[EXTRACTED MATERIAL — start]

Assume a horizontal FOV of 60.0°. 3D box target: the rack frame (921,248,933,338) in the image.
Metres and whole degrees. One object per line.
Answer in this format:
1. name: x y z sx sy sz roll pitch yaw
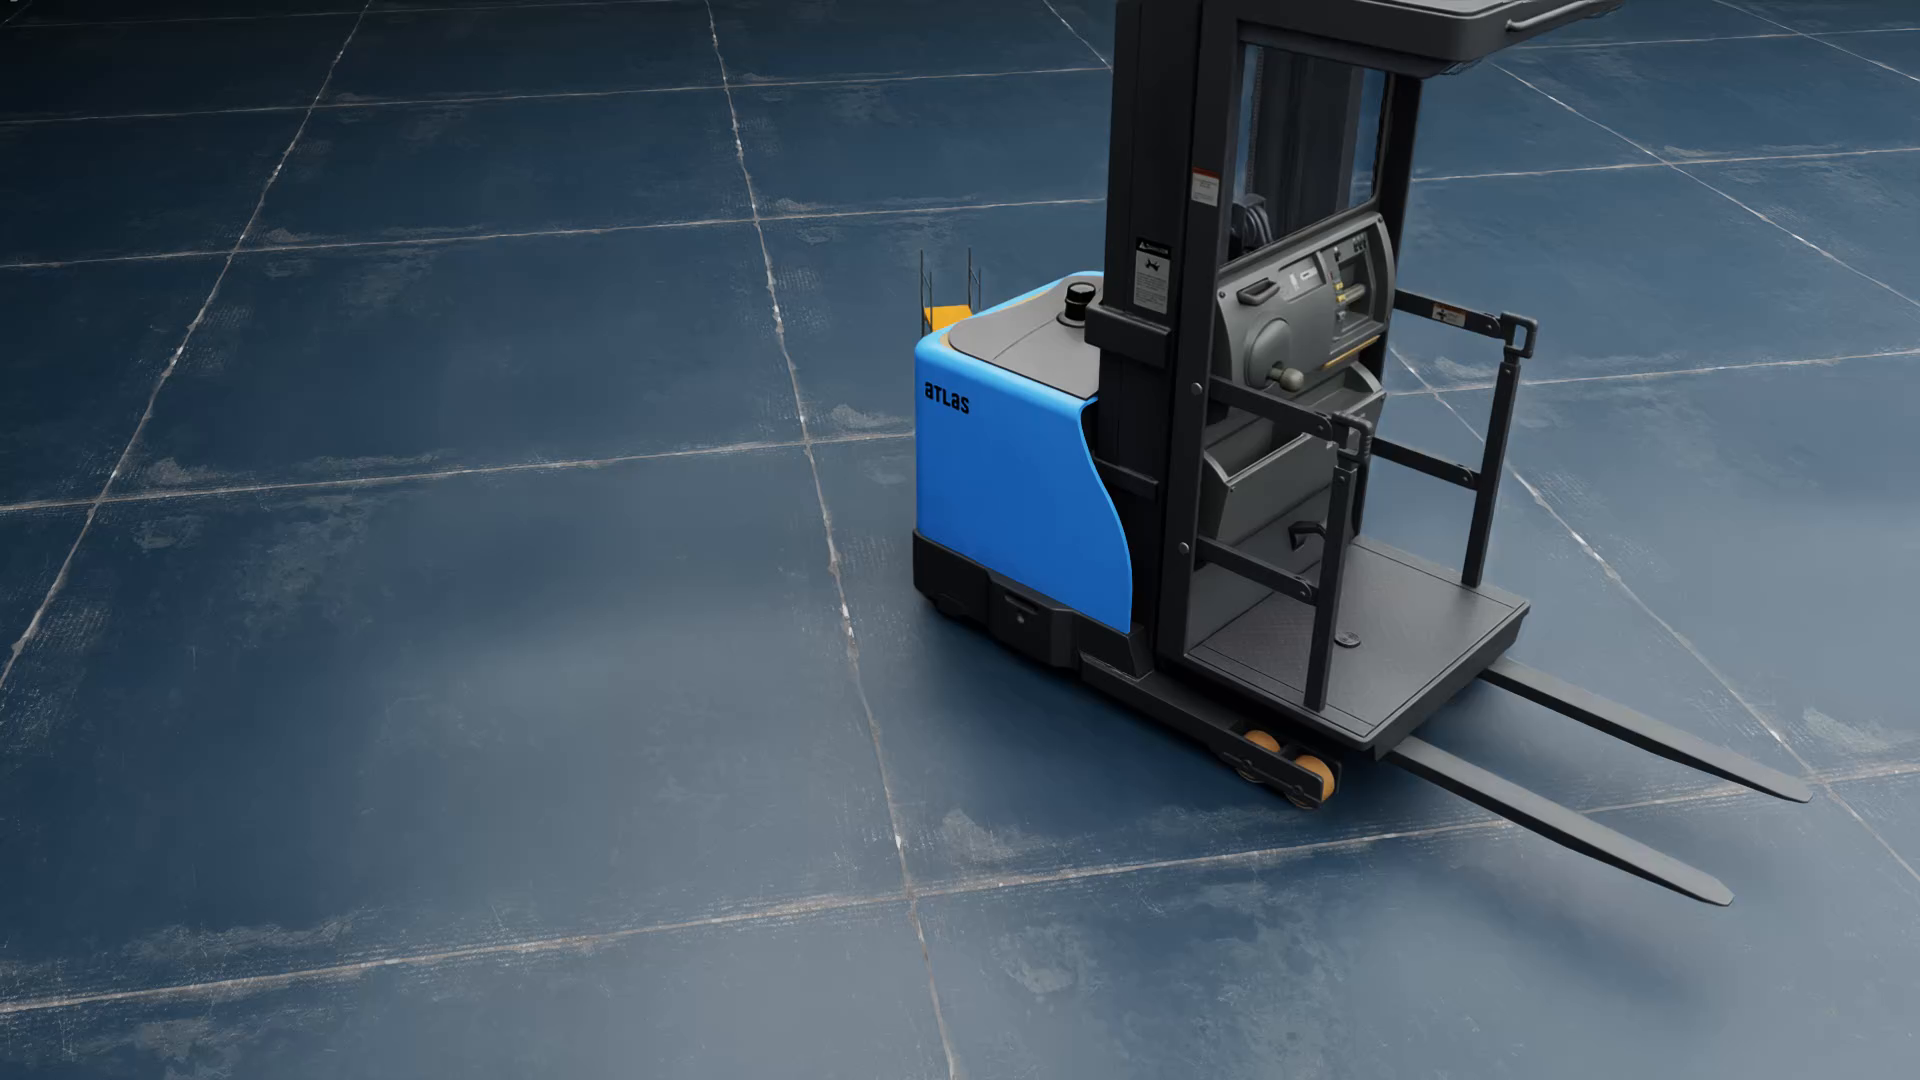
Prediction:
1. rack frame: -0.124 -0.517 6.446 0.006 1.200 0.240 -5 31 -9

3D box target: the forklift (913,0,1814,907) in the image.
1. forklift: 1.242 -0.708 5.063 3.031 2.935 1.130 25 39 36

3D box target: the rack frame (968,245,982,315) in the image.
1. rack frame: 0.056 -0.534 6.474 0.006 1.200 0.240 -5 31 -9

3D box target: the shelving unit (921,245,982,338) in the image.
1. shelving unit: -0.034 -0.526 6.460 0.189 1.200 0.258 -5 31 -9

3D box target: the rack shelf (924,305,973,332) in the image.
1. rack shelf: -0.034 -0.798 6.300 0.180 0.103 0.258 -5 31 -9

[EXTRACTED MATERIAL — finish]

● YOUR ASSIGNMENT: The answer is a portion of the data. Write out exactly the line with "3D box target: the rack frame (968,245,982,315)" and all lines after it.

● ANSWER:
3D box target: the rack frame (968,245,982,315) in the image.
1. rack frame: 0.056 -0.534 6.474 0.006 1.200 0.240 -5 31 -9

3D box target: the shelving unit (921,245,982,338) in the image.
1. shelving unit: -0.034 -0.526 6.460 0.189 1.200 0.258 -5 31 -9

3D box target: the rack shelf (924,305,973,332) in the image.
1. rack shelf: -0.034 -0.798 6.300 0.180 0.103 0.258 -5 31 -9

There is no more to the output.